The unaudited pro forma condensed combined statements of income for the fiscal year ended December 30, 2017, and fiscal nine months ended September 29, 2018, give effect to the acquisition of SMH by Kadant as if it had taken place as of the beginning of 2017 and are based on the historical statements of income of Kadant for the fiscal year ended December 30, 2017 and the fiscal nine months ended September 29, 2018 and SMH for the year ended December 31, 2017 and nine months ended September 30, 2018.
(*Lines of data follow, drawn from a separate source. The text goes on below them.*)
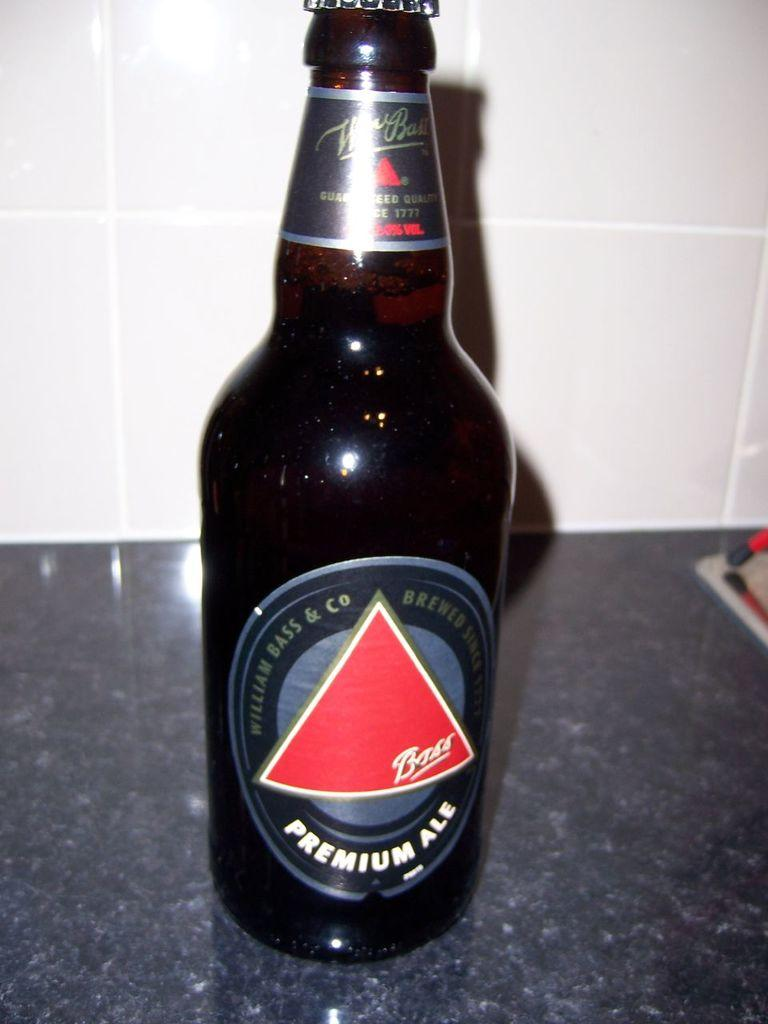<image>
Describe the image concisely. A bottle of bass liquor that is a premium ale 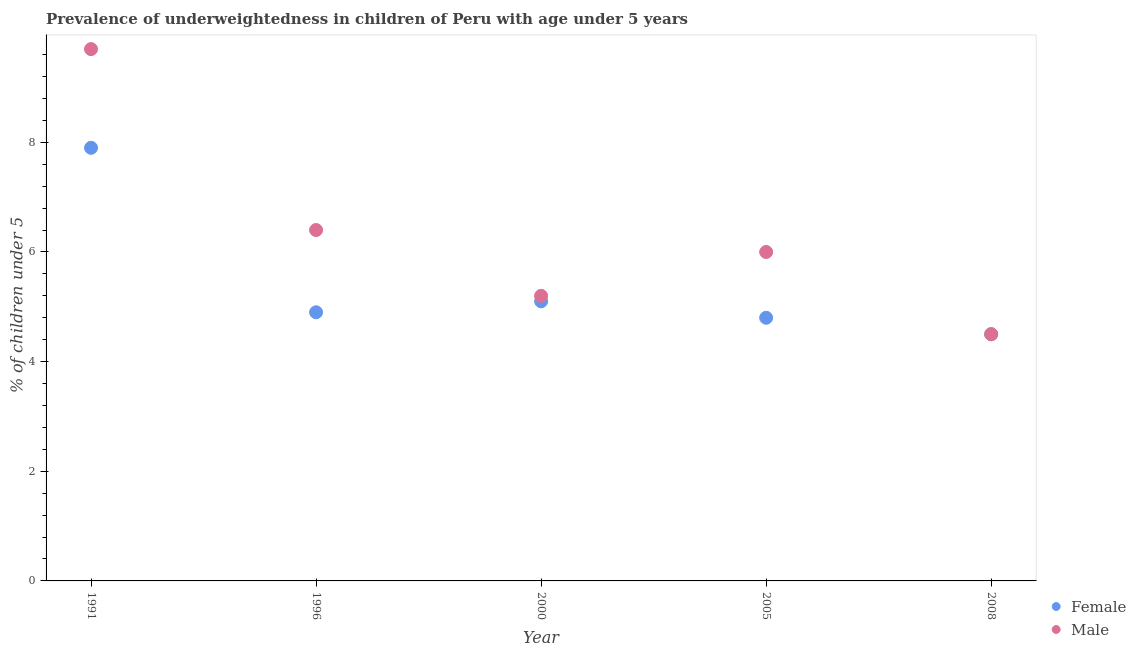How many different coloured dotlines are there?
Provide a short and direct response. 2. Is the number of dotlines equal to the number of legend labels?
Give a very brief answer. Yes. What is the percentage of underweighted female children in 1991?
Ensure brevity in your answer.  7.9. Across all years, what is the maximum percentage of underweighted female children?
Your answer should be compact. 7.9. In which year was the percentage of underweighted female children maximum?
Your answer should be compact. 1991. What is the total percentage of underweighted female children in the graph?
Offer a terse response. 27.2. What is the difference between the percentage of underweighted female children in 1996 and that in 2000?
Give a very brief answer. -0.2. What is the difference between the percentage of underweighted female children in 1996 and the percentage of underweighted male children in 2000?
Offer a very short reply. -0.3. What is the average percentage of underweighted female children per year?
Keep it short and to the point. 5.44. What is the ratio of the percentage of underweighted male children in 1996 to that in 2000?
Make the answer very short. 1.23. Is the percentage of underweighted male children in 2005 less than that in 2008?
Keep it short and to the point. No. Is the difference between the percentage of underweighted female children in 1991 and 1996 greater than the difference between the percentage of underweighted male children in 1991 and 1996?
Your answer should be compact. No. What is the difference between the highest and the second highest percentage of underweighted male children?
Make the answer very short. 3.3. What is the difference between the highest and the lowest percentage of underweighted female children?
Offer a very short reply. 3.4. In how many years, is the percentage of underweighted female children greater than the average percentage of underweighted female children taken over all years?
Your answer should be compact. 1. Is the sum of the percentage of underweighted male children in 1996 and 2008 greater than the maximum percentage of underweighted female children across all years?
Offer a terse response. Yes. Is the percentage of underweighted male children strictly greater than the percentage of underweighted female children over the years?
Your answer should be compact. No. Is the percentage of underweighted female children strictly less than the percentage of underweighted male children over the years?
Your answer should be very brief. No. How many dotlines are there?
Offer a terse response. 2. How many years are there in the graph?
Keep it short and to the point. 5. What is the difference between two consecutive major ticks on the Y-axis?
Your answer should be compact. 2. Does the graph contain any zero values?
Provide a short and direct response. No. Does the graph contain grids?
Provide a succinct answer. No. Where does the legend appear in the graph?
Offer a very short reply. Bottom right. How many legend labels are there?
Give a very brief answer. 2. What is the title of the graph?
Give a very brief answer. Prevalence of underweightedness in children of Peru with age under 5 years. Does "Attending school" appear as one of the legend labels in the graph?
Give a very brief answer. No. What is the label or title of the Y-axis?
Ensure brevity in your answer.   % of children under 5. What is the  % of children under 5 of Female in 1991?
Give a very brief answer. 7.9. What is the  % of children under 5 in Male in 1991?
Offer a terse response. 9.7. What is the  % of children under 5 of Female in 1996?
Offer a very short reply. 4.9. What is the  % of children under 5 of Male in 1996?
Offer a very short reply. 6.4. What is the  % of children under 5 in Female in 2000?
Your answer should be very brief. 5.1. What is the  % of children under 5 of Male in 2000?
Keep it short and to the point. 5.2. What is the  % of children under 5 of Female in 2005?
Your answer should be compact. 4.8. What is the  % of children under 5 in Male in 2005?
Provide a succinct answer. 6. What is the  % of children under 5 in Male in 2008?
Offer a very short reply. 4.5. Across all years, what is the maximum  % of children under 5 in Female?
Keep it short and to the point. 7.9. Across all years, what is the maximum  % of children under 5 in Male?
Keep it short and to the point. 9.7. Across all years, what is the minimum  % of children under 5 in Female?
Offer a very short reply. 4.5. Across all years, what is the minimum  % of children under 5 of Male?
Make the answer very short. 4.5. What is the total  % of children under 5 in Female in the graph?
Your answer should be very brief. 27.2. What is the total  % of children under 5 in Male in the graph?
Provide a short and direct response. 31.8. What is the difference between the  % of children under 5 in Male in 1991 and that in 2000?
Provide a short and direct response. 4.5. What is the difference between the  % of children under 5 of Female in 1991 and that in 2005?
Ensure brevity in your answer.  3.1. What is the difference between the  % of children under 5 in Male in 1991 and that in 2008?
Keep it short and to the point. 5.2. What is the difference between the  % of children under 5 in Male in 1996 and that in 2000?
Give a very brief answer. 1.2. What is the difference between the  % of children under 5 in Female in 1996 and that in 2005?
Offer a terse response. 0.1. What is the difference between the  % of children under 5 of Male in 1996 and that in 2005?
Offer a terse response. 0.4. What is the difference between the  % of children under 5 of Female in 1996 and that in 2008?
Offer a very short reply. 0.4. What is the difference between the  % of children under 5 of Male in 1996 and that in 2008?
Keep it short and to the point. 1.9. What is the difference between the  % of children under 5 of Female in 1991 and the  % of children under 5 of Male in 1996?
Make the answer very short. 1.5. What is the difference between the  % of children under 5 in Female in 1991 and the  % of children under 5 in Male in 2005?
Ensure brevity in your answer.  1.9. What is the difference between the  % of children under 5 of Female in 2000 and the  % of children under 5 of Male in 2005?
Make the answer very short. -0.9. What is the difference between the  % of children under 5 of Female in 2005 and the  % of children under 5 of Male in 2008?
Provide a succinct answer. 0.3. What is the average  % of children under 5 in Female per year?
Keep it short and to the point. 5.44. What is the average  % of children under 5 in Male per year?
Your answer should be compact. 6.36. In the year 1991, what is the difference between the  % of children under 5 of Female and  % of children under 5 of Male?
Make the answer very short. -1.8. In the year 1996, what is the difference between the  % of children under 5 in Female and  % of children under 5 in Male?
Keep it short and to the point. -1.5. In the year 2008, what is the difference between the  % of children under 5 of Female and  % of children under 5 of Male?
Provide a short and direct response. 0. What is the ratio of the  % of children under 5 of Female in 1991 to that in 1996?
Your response must be concise. 1.61. What is the ratio of the  % of children under 5 of Male in 1991 to that in 1996?
Your answer should be compact. 1.52. What is the ratio of the  % of children under 5 of Female in 1991 to that in 2000?
Give a very brief answer. 1.55. What is the ratio of the  % of children under 5 of Male in 1991 to that in 2000?
Your answer should be very brief. 1.87. What is the ratio of the  % of children under 5 in Female in 1991 to that in 2005?
Your response must be concise. 1.65. What is the ratio of the  % of children under 5 in Male in 1991 to that in 2005?
Keep it short and to the point. 1.62. What is the ratio of the  % of children under 5 in Female in 1991 to that in 2008?
Provide a short and direct response. 1.76. What is the ratio of the  % of children under 5 of Male in 1991 to that in 2008?
Your answer should be compact. 2.16. What is the ratio of the  % of children under 5 in Female in 1996 to that in 2000?
Give a very brief answer. 0.96. What is the ratio of the  % of children under 5 in Male in 1996 to that in 2000?
Your answer should be very brief. 1.23. What is the ratio of the  % of children under 5 of Female in 1996 to that in 2005?
Provide a succinct answer. 1.02. What is the ratio of the  % of children under 5 of Male in 1996 to that in 2005?
Give a very brief answer. 1.07. What is the ratio of the  % of children under 5 in Female in 1996 to that in 2008?
Your answer should be compact. 1.09. What is the ratio of the  % of children under 5 of Male in 1996 to that in 2008?
Keep it short and to the point. 1.42. What is the ratio of the  % of children under 5 in Male in 2000 to that in 2005?
Give a very brief answer. 0.87. What is the ratio of the  % of children under 5 in Female in 2000 to that in 2008?
Offer a very short reply. 1.13. What is the ratio of the  % of children under 5 of Male in 2000 to that in 2008?
Your response must be concise. 1.16. What is the ratio of the  % of children under 5 of Female in 2005 to that in 2008?
Give a very brief answer. 1.07. What is the difference between the highest and the lowest  % of children under 5 of Male?
Offer a very short reply. 5.2. 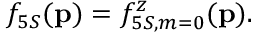Convert formula to latex. <formula><loc_0><loc_0><loc_500><loc_500>f _ { 5 S } ( { p } ) = f _ { 5 S , m = 0 } ^ { z } ( { p } ) .</formula> 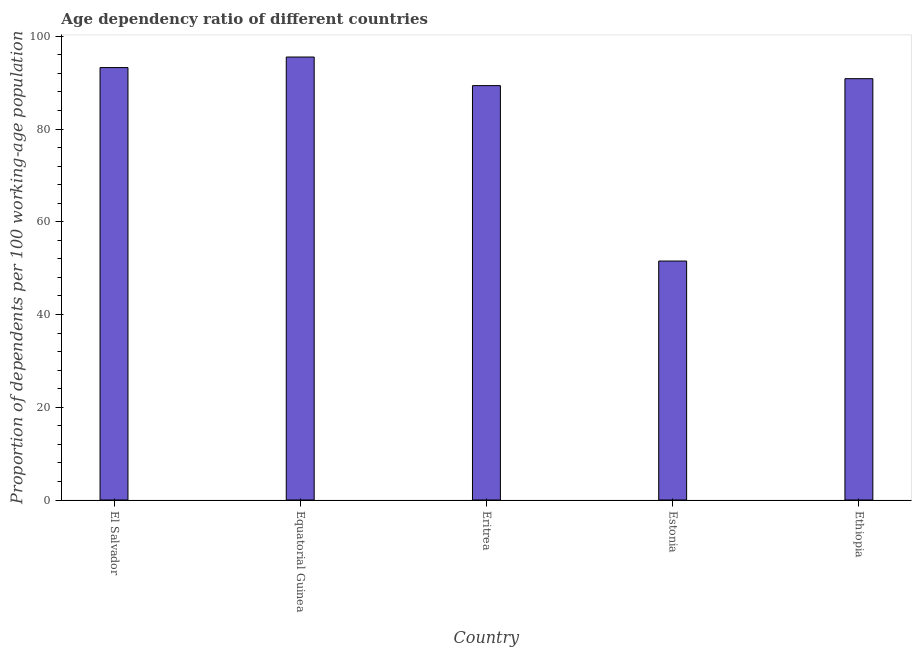Does the graph contain any zero values?
Ensure brevity in your answer.  No. What is the title of the graph?
Your answer should be compact. Age dependency ratio of different countries. What is the label or title of the Y-axis?
Keep it short and to the point. Proportion of dependents per 100 working-age population. What is the age dependency ratio in El Salvador?
Offer a very short reply. 93.26. Across all countries, what is the maximum age dependency ratio?
Make the answer very short. 95.54. Across all countries, what is the minimum age dependency ratio?
Give a very brief answer. 51.54. In which country was the age dependency ratio maximum?
Offer a terse response. Equatorial Guinea. In which country was the age dependency ratio minimum?
Offer a terse response. Estonia. What is the sum of the age dependency ratio?
Ensure brevity in your answer.  420.57. What is the difference between the age dependency ratio in El Salvador and Equatorial Guinea?
Keep it short and to the point. -2.27. What is the average age dependency ratio per country?
Keep it short and to the point. 84.11. What is the median age dependency ratio?
Ensure brevity in your answer.  90.87. In how many countries, is the age dependency ratio greater than 40 ?
Offer a terse response. 5. What is the ratio of the age dependency ratio in Equatorial Guinea to that in Estonia?
Ensure brevity in your answer.  1.85. What is the difference between the highest and the second highest age dependency ratio?
Provide a short and direct response. 2.27. Is the sum of the age dependency ratio in Equatorial Guinea and Eritrea greater than the maximum age dependency ratio across all countries?
Make the answer very short. Yes. What is the difference between the highest and the lowest age dependency ratio?
Give a very brief answer. 44. In how many countries, is the age dependency ratio greater than the average age dependency ratio taken over all countries?
Give a very brief answer. 4. Are all the bars in the graph horizontal?
Ensure brevity in your answer.  No. What is the difference between two consecutive major ticks on the Y-axis?
Your answer should be compact. 20. What is the Proportion of dependents per 100 working-age population in El Salvador?
Offer a very short reply. 93.26. What is the Proportion of dependents per 100 working-age population of Equatorial Guinea?
Your answer should be very brief. 95.54. What is the Proportion of dependents per 100 working-age population in Eritrea?
Your response must be concise. 89.37. What is the Proportion of dependents per 100 working-age population in Estonia?
Make the answer very short. 51.54. What is the Proportion of dependents per 100 working-age population of Ethiopia?
Offer a terse response. 90.87. What is the difference between the Proportion of dependents per 100 working-age population in El Salvador and Equatorial Guinea?
Keep it short and to the point. -2.27. What is the difference between the Proportion of dependents per 100 working-age population in El Salvador and Eritrea?
Make the answer very short. 3.89. What is the difference between the Proportion of dependents per 100 working-age population in El Salvador and Estonia?
Offer a very short reply. 41.72. What is the difference between the Proportion of dependents per 100 working-age population in El Salvador and Ethiopia?
Provide a short and direct response. 2.4. What is the difference between the Proportion of dependents per 100 working-age population in Equatorial Guinea and Eritrea?
Your response must be concise. 6.17. What is the difference between the Proportion of dependents per 100 working-age population in Equatorial Guinea and Estonia?
Your answer should be very brief. 44. What is the difference between the Proportion of dependents per 100 working-age population in Equatorial Guinea and Ethiopia?
Your answer should be very brief. 4.67. What is the difference between the Proportion of dependents per 100 working-age population in Eritrea and Estonia?
Make the answer very short. 37.83. What is the difference between the Proportion of dependents per 100 working-age population in Eritrea and Ethiopia?
Offer a very short reply. -1.5. What is the difference between the Proportion of dependents per 100 working-age population in Estonia and Ethiopia?
Provide a short and direct response. -39.33. What is the ratio of the Proportion of dependents per 100 working-age population in El Salvador to that in Eritrea?
Offer a terse response. 1.04. What is the ratio of the Proportion of dependents per 100 working-age population in El Salvador to that in Estonia?
Keep it short and to the point. 1.81. What is the ratio of the Proportion of dependents per 100 working-age population in El Salvador to that in Ethiopia?
Ensure brevity in your answer.  1.03. What is the ratio of the Proportion of dependents per 100 working-age population in Equatorial Guinea to that in Eritrea?
Provide a short and direct response. 1.07. What is the ratio of the Proportion of dependents per 100 working-age population in Equatorial Guinea to that in Estonia?
Make the answer very short. 1.85. What is the ratio of the Proportion of dependents per 100 working-age population in Equatorial Guinea to that in Ethiopia?
Offer a very short reply. 1.05. What is the ratio of the Proportion of dependents per 100 working-age population in Eritrea to that in Estonia?
Provide a short and direct response. 1.73. What is the ratio of the Proportion of dependents per 100 working-age population in Eritrea to that in Ethiopia?
Your answer should be compact. 0.98. What is the ratio of the Proportion of dependents per 100 working-age population in Estonia to that in Ethiopia?
Your answer should be compact. 0.57.

The following pro forma adjustments are based on preliminary estimates, which may change as additional information is obtained:
(m)
Record additional depreciation expense associated with fair value adjustments for property, plant, and equipment, which is amortized using the straight-line method over the estimated remaining useful lives of 3 to 14 years for machinery, equipment, and leasehold improvements.

(n)
Record amortization of an intangible liability for an above-market real estate lease, which is amortized using the straight-line method over the remaining contractual life of the lease obligation.

(o)
Eliminate SMH's historical amortization expense associated with its definite-lived intangible assets.

(p)
Record amortization expense associated with the definite-lived intangible assets. The impact of the write-up of acquired backlog of $1,242,000 and $358,000 has been excluded from the pro forma condensed combined statement of income for the fiscal year ended December 30, 2017 and the fiscal nine months ended September 29, 2018, respectively, as it is a non-recurring item.

(q)
Eliminate historical fees paid by SMH for management services under an agreement that terminated upon its acquisition by Kadant.

(r)
Eliminate SMH's historical acquisition transaction costs directly related to its acquisition by Kadant.

(s)
Eliminate SMH's historical interest expense related to debt that was settled prior to the closing of the acquisition.

(t)
Record an increase to interest expense to reflect the additional borrowings of $177,719,000 to fund the acquisition of SMH. Interest expense has been calculated based on interest rates available to Kadant under the Credit Agreement. The weighted average interest rates associated with these borrowings are approximately 4.08% for both the fiscal year ended December 30, 2017 and the fiscal nine months ended September 29, 2018. A variance of 1/8% in interest rates on these borrowings would change interest expense by $222,000 in the fiscal year ended December 30, 2017 and $167,000 in the fiscal nine months ended September 29, 2018.

(u)
Record the income tax effect of the pro forma adjustments and the effect of treating SMH as taxable within Kadant's consolidated U.S. group at an estimated effective tax rate of 45% in fiscal 2017 and 28% in the fiscal nine months ended September 29, 2018. The effective tax rate in fiscal 2017 excludes the impact of the Tax Cut and Jobs Act of 2017 for the remeasurement of SMH's deferred income tax assets and liabilities related to the decrease in the federal corporate income tax rate from 35% to 21% as it is a non-recurring item.